Parametric Lines & Planes

sponsoredwalk

Hi I'm reading Lang's Intro to Linear Algebra Page's 30 -36 and I'd just like some input on whether I understand this or not. Basically my problem is with Planes but the parametric eq. thing is just clarification.

Parametric Representation of a Line

Basically, if you have two n-tuples (n=2 for convenience!)

(a,b) = A and (p,q) = P

We form the equations:

X(t) = P + tA <==> (x,y) = (p,q) + t(a,b)

with;

x = p + ta
y = q + tb (times -(a/b))

---

x = p + ta
-(a/b)y = -(a/b)q - ta

---

x - (a/b)y = -(a/b)q

-(b/a)x + y = q

[latex] y \ = \ \frac{b}{a} \cdot x \ + \ q [/latex]

This is forming the eq. of the line going from point P in the direction of A.

If you want to go from point A in the direction of P the equation becomes

X = A + tP

if you want to go in the opposite direction in either of the equations you just give t a negative value.

If you want to go just from point A to point P let:

0 ≤ t ≤ 1

and let P = P - A

so that X(t) = A + tP = A + t(P - A)

i.e. "t" takes on a value less than 1 so you multiply, say, 0.04 by all the values (P - A) represents in the (x,y) dimensions before going on.

Planes

The idea is to find the equation of the plane in R³ that passes through some random point P by forming a located vector [latex] \overline{PX} [/latex], where X is the set of all points surrounding P, and then taking the dot product with some other located vector [latex] \overline{ON} [/latex] that is perpendicular to [latex] \overline{PX} [/latex].

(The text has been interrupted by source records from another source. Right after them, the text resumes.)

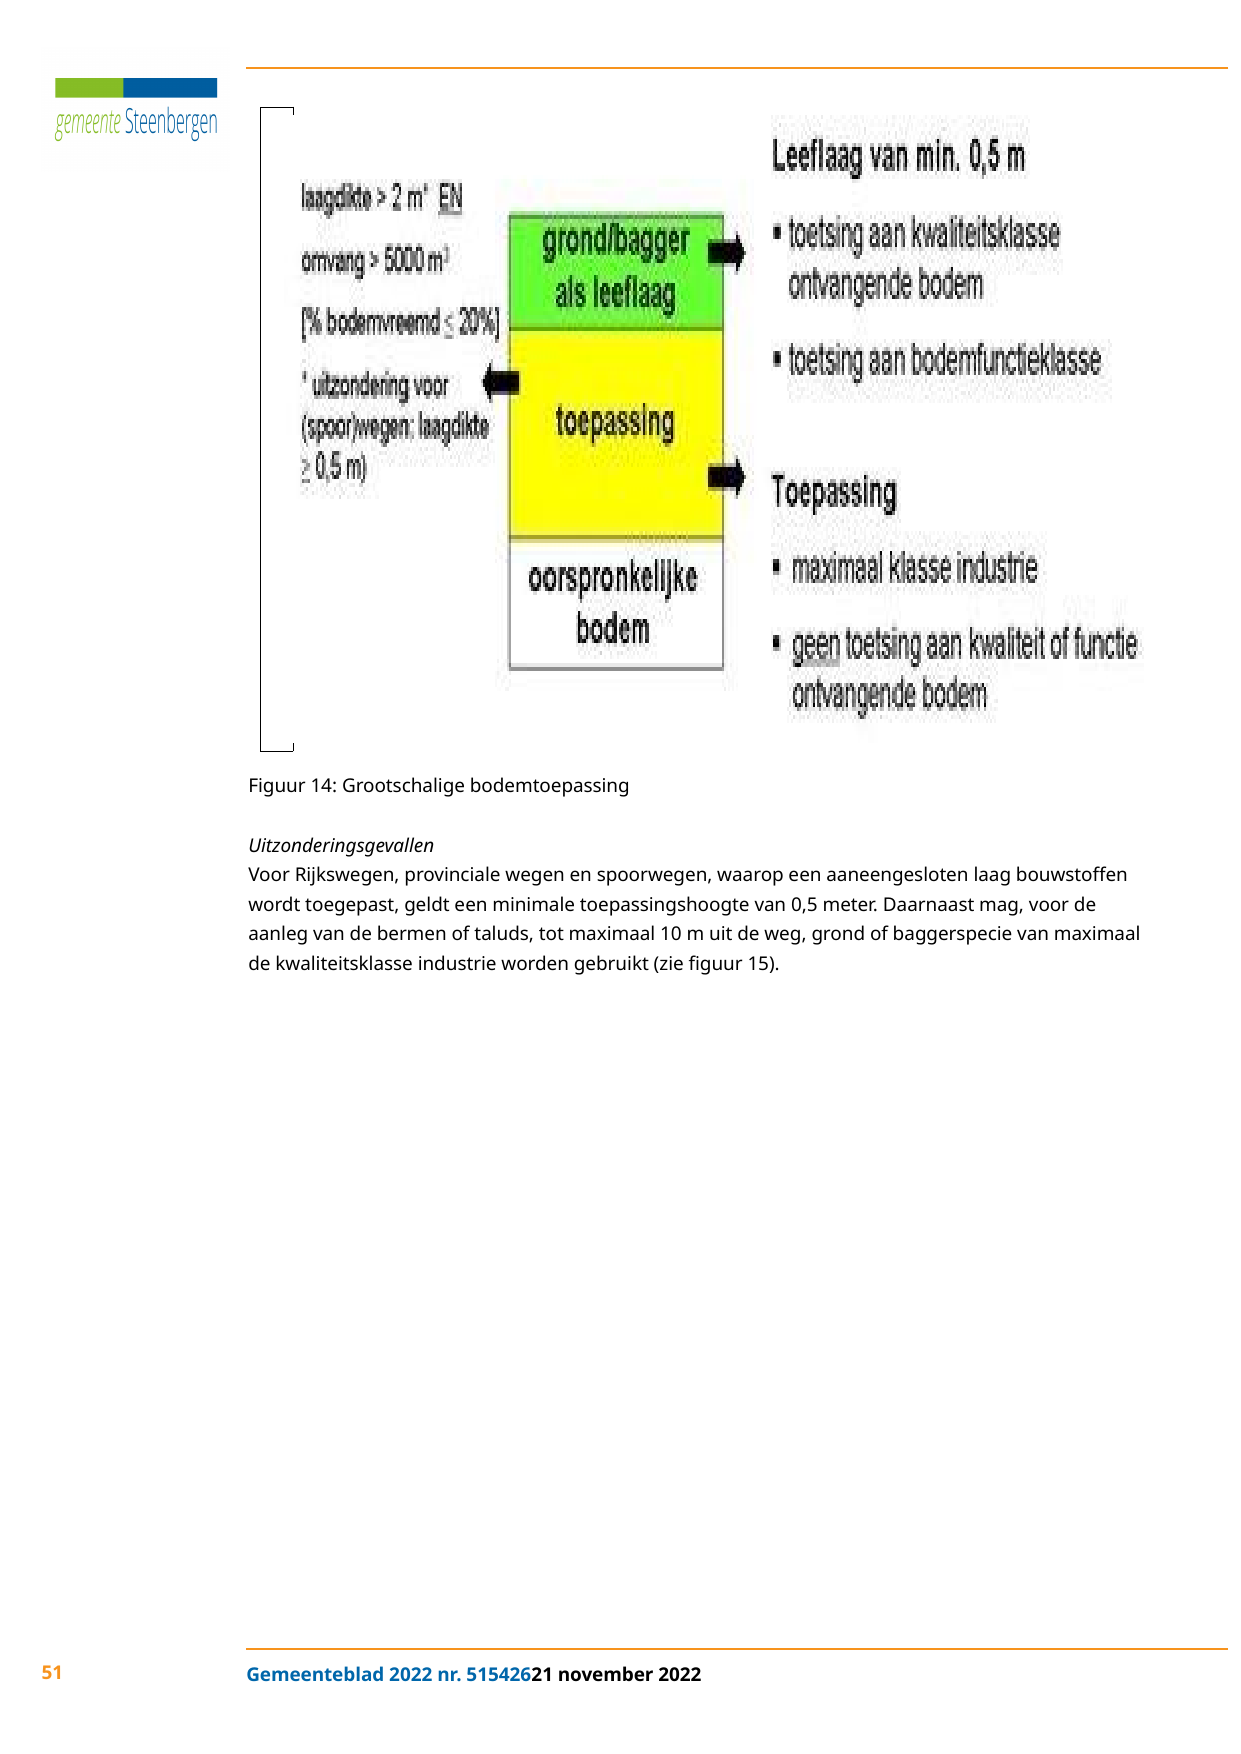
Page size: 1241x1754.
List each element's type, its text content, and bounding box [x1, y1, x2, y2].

picture [268, 115, 1173, 743]
text Uitzonderingsgevallen [248, 832, 1152, 858]
text Figuur 14: Grootschalige bodemtoepassing [248, 773, 1152, 798]
text Voor Rijkswegen, provinciale wegen en spoorwegen, waarop een aaneengesloten laag bouwstoffen wordt toegepast, geldt een minimale toepassingshoogte van 0,5 meter. Daarnaast mag, voor de aanleg van de bermen of taluds, tot maximaal 10 m uit de weg, grond of baggerspecie van maximaal de kwaliteitsklasse industrie worden gebruikt (zie figuur 15). [248, 861, 1152, 976]
picture [41, 47, 231, 172]

For some located vector [latex]\overline{ON} [/latex] if we want to find the plane that passes through P we'll dot product it:

(X - P) • (N - O) = 0

(X - P) • N = 0

X•N - P•N = 0

X•N = P•N

Okay, obviously O is the origin and can be ignored.

I'm thinking that N = (N - O) = [latex]\overline{ON} [/latex] can be done all the time,
no matter where the plane is to simplify the algebra.

It's like point N determines the angle/direction of the plane with respect to the origin & point P determines the height up or down. Is that correct? On page 34 of the book the picture of the plane could go up and down the N arrow.

Still, X•N = P•N doesn't seem intuitive to me, is there a way to get it?

Like, you're dot producting the variables X = (x,y,z) with a point not on the plane and that's supposed to be equal to the original point that the plane passes through dot producted with this point not on the plane you're constructing

CJC86

The reasoning is that a 2d plane through 0 in 3 dimensions is determined by the direction of its normal. Thus, it's generally stated that X is in the plane if it is perpendicular to the normal N, ie. if N.X=0.

Now if we take a change of coordinates that takes 0 to the point P that we want the plane to be passing through, then X goes to X-P. So, we get that X is in the plane if N.(X-P)=0. You can say then X is in the plane if N.X = N.P, but it's not as clear as leaving it in the form N.(X-P)=0.

sponsoredwalk

So the plane passes through the origin, through P, and is perpendicular to the point N, & the set X is pretty much
any point you choose along the plane if you choose X : (x,y,z) i.e. variables!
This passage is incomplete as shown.